## GOAL OF THE EXERCISE
Below are records; reproduce exactly the lines from the one that has "Page size: 1275x1650." through the one that has "subtitle Data Analysis [118, 573, 1157, 607]", ends included, and nothing more.

* * * *

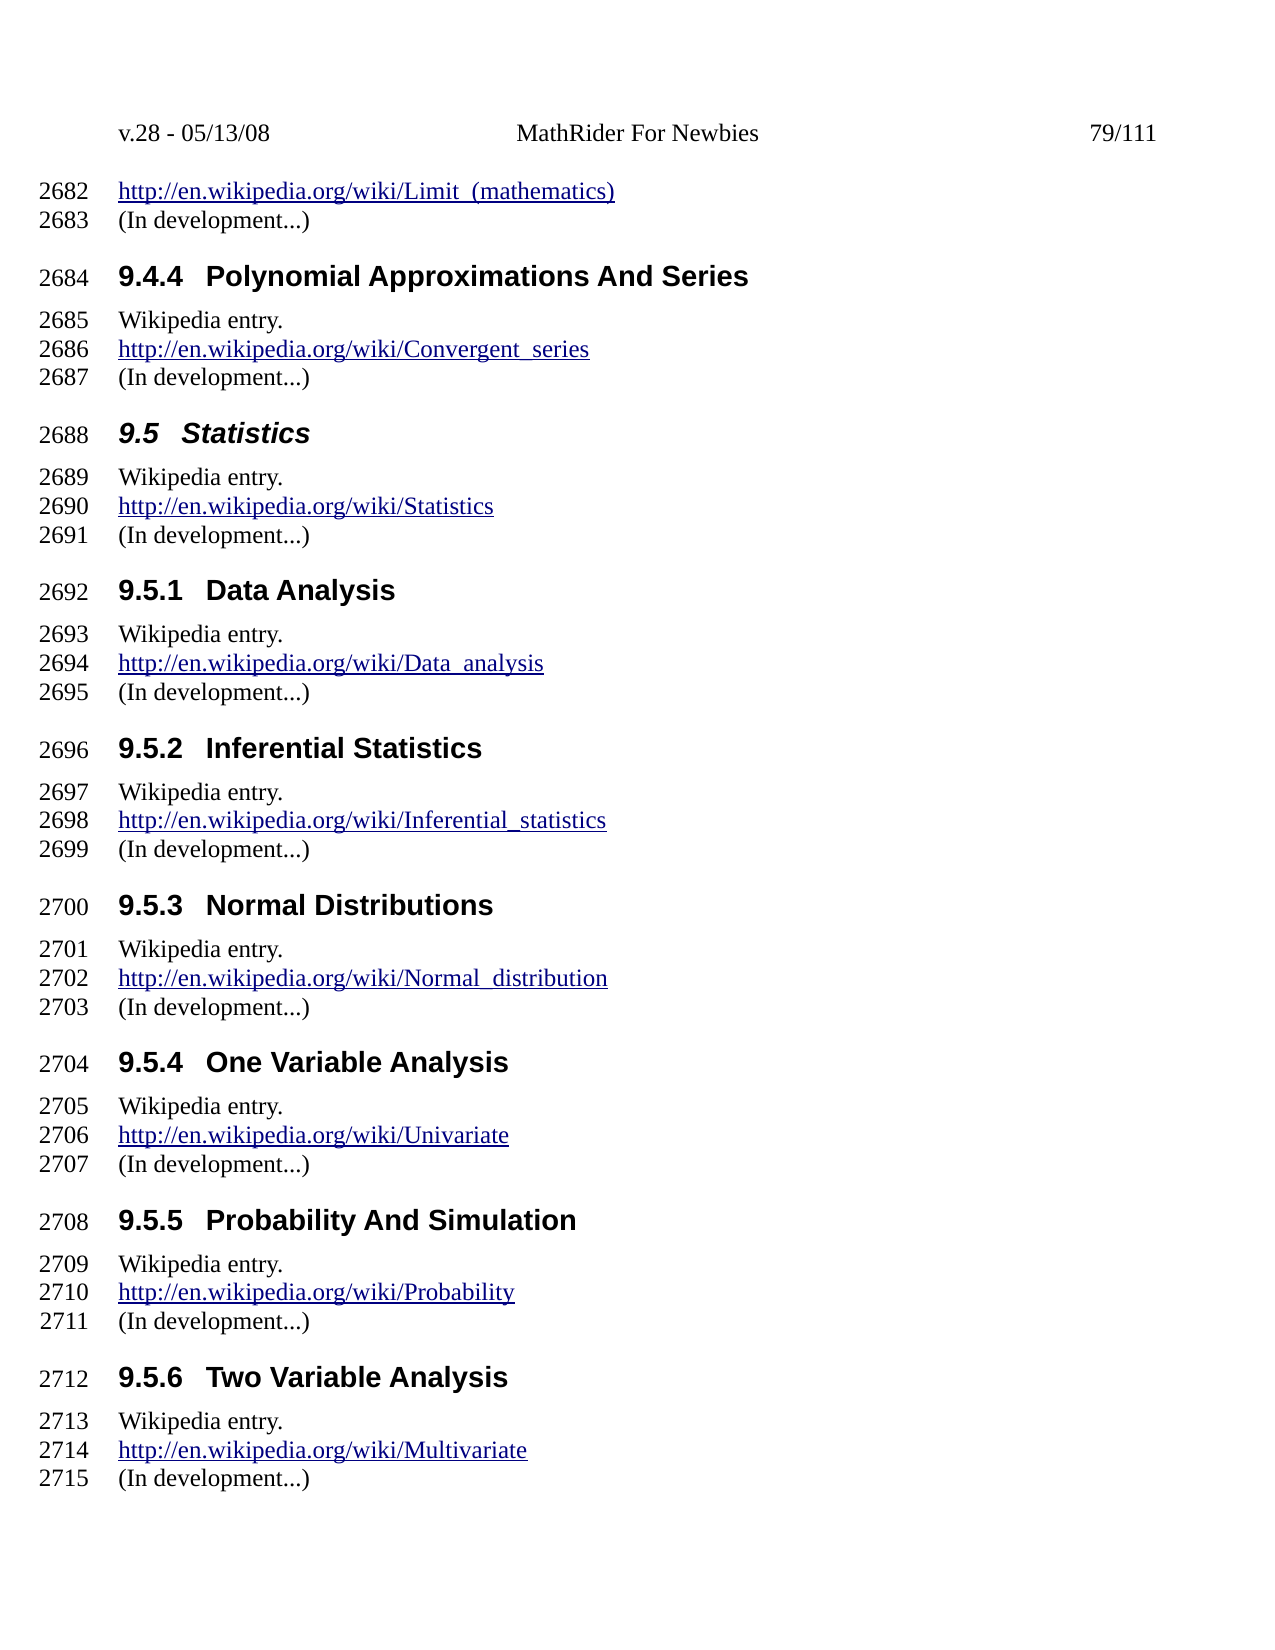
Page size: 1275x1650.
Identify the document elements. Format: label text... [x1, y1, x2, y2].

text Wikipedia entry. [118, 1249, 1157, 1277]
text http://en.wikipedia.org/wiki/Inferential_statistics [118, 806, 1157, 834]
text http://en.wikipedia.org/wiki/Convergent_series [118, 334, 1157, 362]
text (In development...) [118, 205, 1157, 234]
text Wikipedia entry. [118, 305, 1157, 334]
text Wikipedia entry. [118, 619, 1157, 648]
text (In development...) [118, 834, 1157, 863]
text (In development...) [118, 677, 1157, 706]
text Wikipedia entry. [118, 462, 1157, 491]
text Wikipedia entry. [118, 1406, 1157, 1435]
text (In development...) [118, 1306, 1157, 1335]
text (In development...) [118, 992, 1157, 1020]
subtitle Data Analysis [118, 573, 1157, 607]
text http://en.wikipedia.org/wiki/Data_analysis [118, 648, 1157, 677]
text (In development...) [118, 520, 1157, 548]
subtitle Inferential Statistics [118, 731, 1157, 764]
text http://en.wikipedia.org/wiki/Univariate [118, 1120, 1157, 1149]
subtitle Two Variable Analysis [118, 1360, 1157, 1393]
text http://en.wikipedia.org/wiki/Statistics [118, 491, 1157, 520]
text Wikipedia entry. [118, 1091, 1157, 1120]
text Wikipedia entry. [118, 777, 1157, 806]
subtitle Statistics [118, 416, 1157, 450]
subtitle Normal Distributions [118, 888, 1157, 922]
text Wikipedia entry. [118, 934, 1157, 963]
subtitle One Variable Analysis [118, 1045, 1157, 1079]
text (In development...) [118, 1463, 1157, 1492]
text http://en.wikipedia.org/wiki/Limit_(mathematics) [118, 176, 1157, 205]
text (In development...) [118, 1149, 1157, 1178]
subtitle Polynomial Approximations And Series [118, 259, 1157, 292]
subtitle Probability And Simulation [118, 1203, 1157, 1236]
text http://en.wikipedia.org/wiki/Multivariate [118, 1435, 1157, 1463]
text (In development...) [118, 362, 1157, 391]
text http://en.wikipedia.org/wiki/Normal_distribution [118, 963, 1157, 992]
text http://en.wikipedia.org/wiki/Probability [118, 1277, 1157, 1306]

* * * *

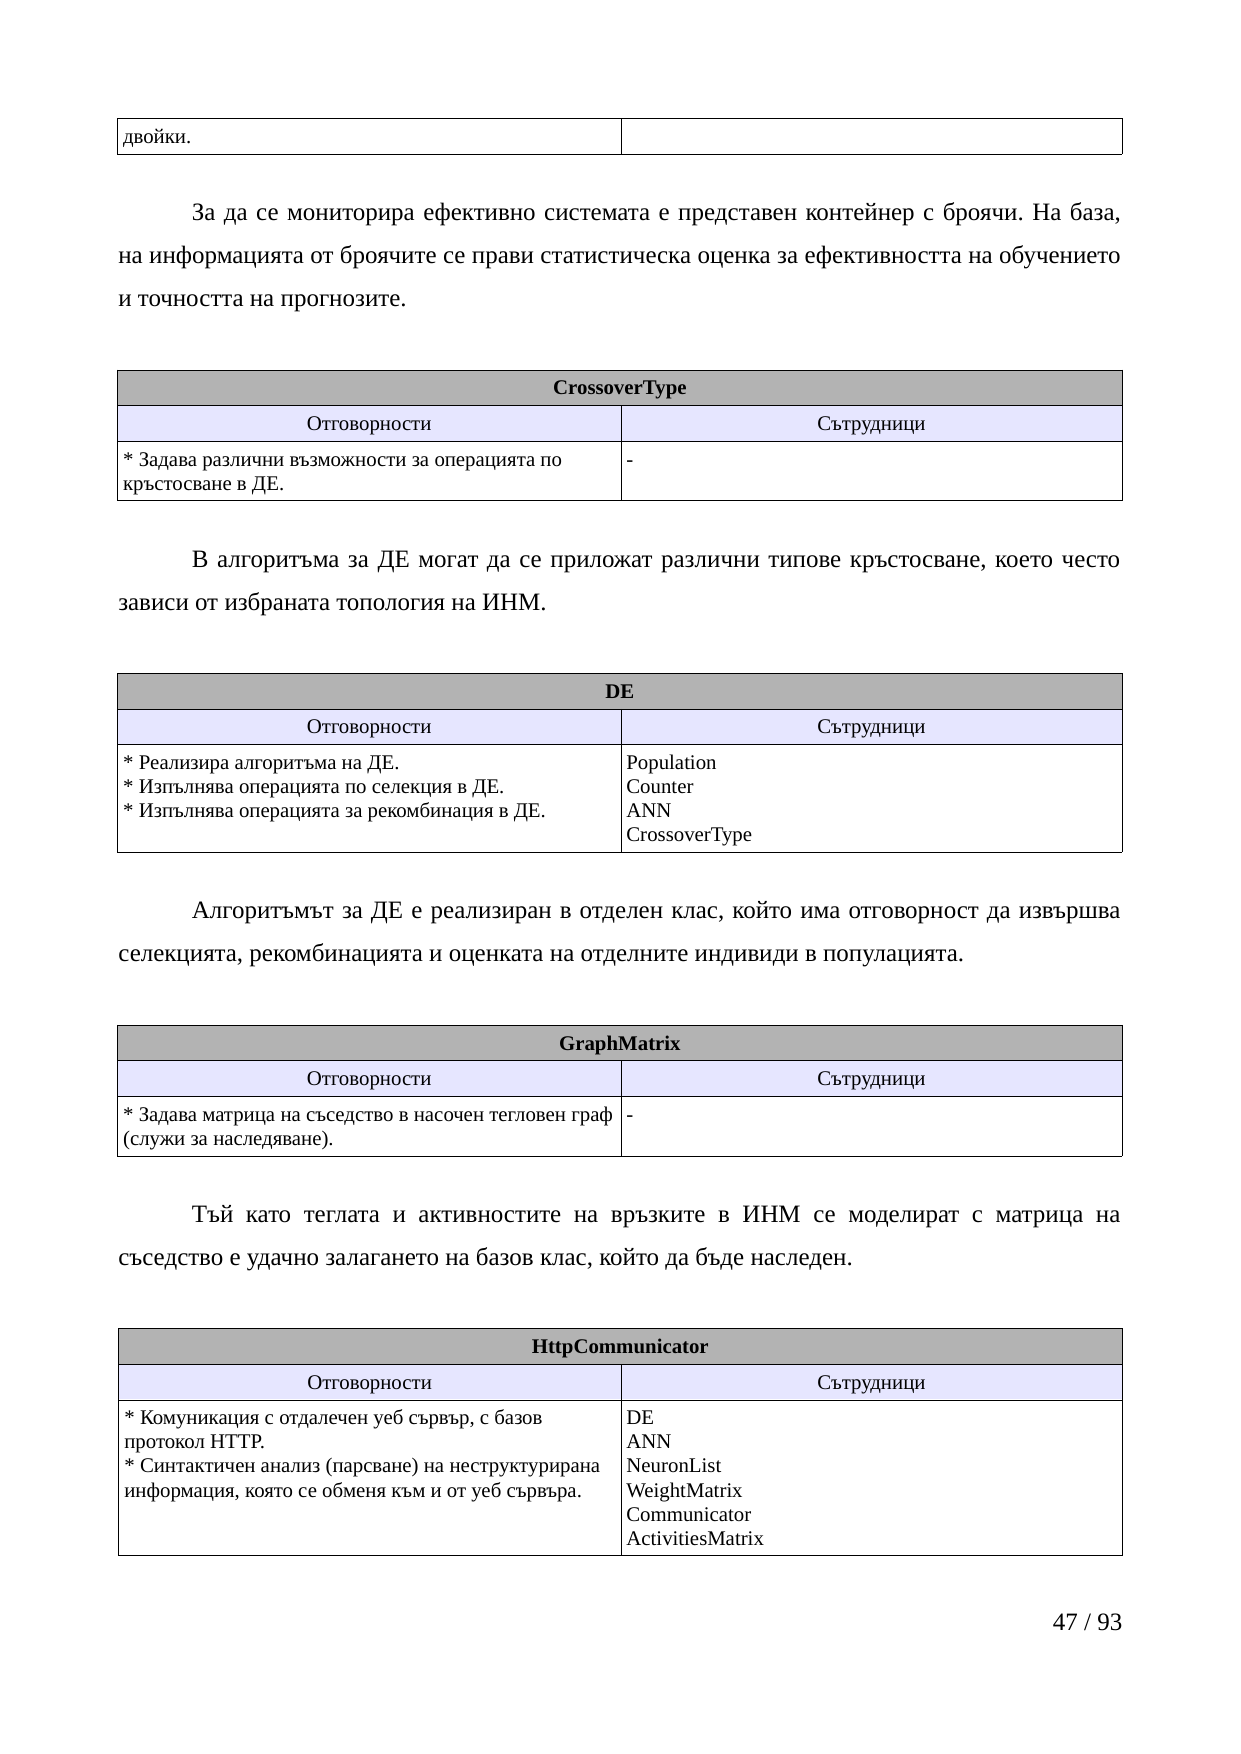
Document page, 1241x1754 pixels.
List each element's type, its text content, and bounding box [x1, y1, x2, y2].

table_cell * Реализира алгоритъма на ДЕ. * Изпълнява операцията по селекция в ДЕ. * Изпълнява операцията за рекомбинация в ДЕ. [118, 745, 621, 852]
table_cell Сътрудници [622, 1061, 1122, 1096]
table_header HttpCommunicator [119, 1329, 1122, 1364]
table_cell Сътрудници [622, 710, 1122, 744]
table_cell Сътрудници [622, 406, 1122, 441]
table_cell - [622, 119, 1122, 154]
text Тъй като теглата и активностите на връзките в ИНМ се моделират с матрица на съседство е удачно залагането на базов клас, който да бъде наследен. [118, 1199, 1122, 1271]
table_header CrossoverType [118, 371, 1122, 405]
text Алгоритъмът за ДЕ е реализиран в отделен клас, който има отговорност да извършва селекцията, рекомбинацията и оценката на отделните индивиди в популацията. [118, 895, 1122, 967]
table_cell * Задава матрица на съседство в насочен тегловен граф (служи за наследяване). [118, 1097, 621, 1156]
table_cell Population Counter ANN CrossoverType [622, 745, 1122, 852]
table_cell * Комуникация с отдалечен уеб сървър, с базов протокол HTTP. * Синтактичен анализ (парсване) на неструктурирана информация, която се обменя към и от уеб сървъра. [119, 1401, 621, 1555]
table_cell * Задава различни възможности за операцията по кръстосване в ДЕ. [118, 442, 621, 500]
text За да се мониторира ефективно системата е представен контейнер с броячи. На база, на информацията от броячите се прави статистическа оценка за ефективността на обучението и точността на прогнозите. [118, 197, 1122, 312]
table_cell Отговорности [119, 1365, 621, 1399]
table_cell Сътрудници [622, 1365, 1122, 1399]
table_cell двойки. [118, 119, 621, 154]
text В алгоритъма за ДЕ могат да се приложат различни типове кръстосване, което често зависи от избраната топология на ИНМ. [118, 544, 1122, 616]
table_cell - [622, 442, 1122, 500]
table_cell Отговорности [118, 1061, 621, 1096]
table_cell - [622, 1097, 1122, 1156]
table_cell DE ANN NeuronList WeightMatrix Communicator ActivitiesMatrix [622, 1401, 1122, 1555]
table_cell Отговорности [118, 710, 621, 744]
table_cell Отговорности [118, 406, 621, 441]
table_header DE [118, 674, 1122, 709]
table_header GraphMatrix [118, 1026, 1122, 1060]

* * * *

## SOLUTION TO THE EXERCISE
Page size: 1275x1650.
Identify the document elements. Format: label text... [x1, y1, x2, y2].

text Wikipedia entry. [118, 1249, 1157, 1277]
text http://en.wikipedia.org/wiki/Inferential_statistics [118, 806, 1157, 834]
text http://en.wikipedia.org/wiki/Convergent_series [118, 334, 1157, 362]
text (In development...) [118, 205, 1157, 234]
text Wikipedia entry. [118, 305, 1157, 334]
text Wikipedia entry. [118, 619, 1157, 648]
text (In development...) [118, 834, 1157, 863]
text (In development...) [118, 677, 1157, 706]
text Wikipedia entry. [118, 462, 1157, 491]
text Wikipedia entry. [118, 1406, 1157, 1435]
text (In development...) [118, 1306, 1157, 1335]
text (In development...) [118, 992, 1157, 1020]
subtitle Data Analysis [118, 573, 1157, 607]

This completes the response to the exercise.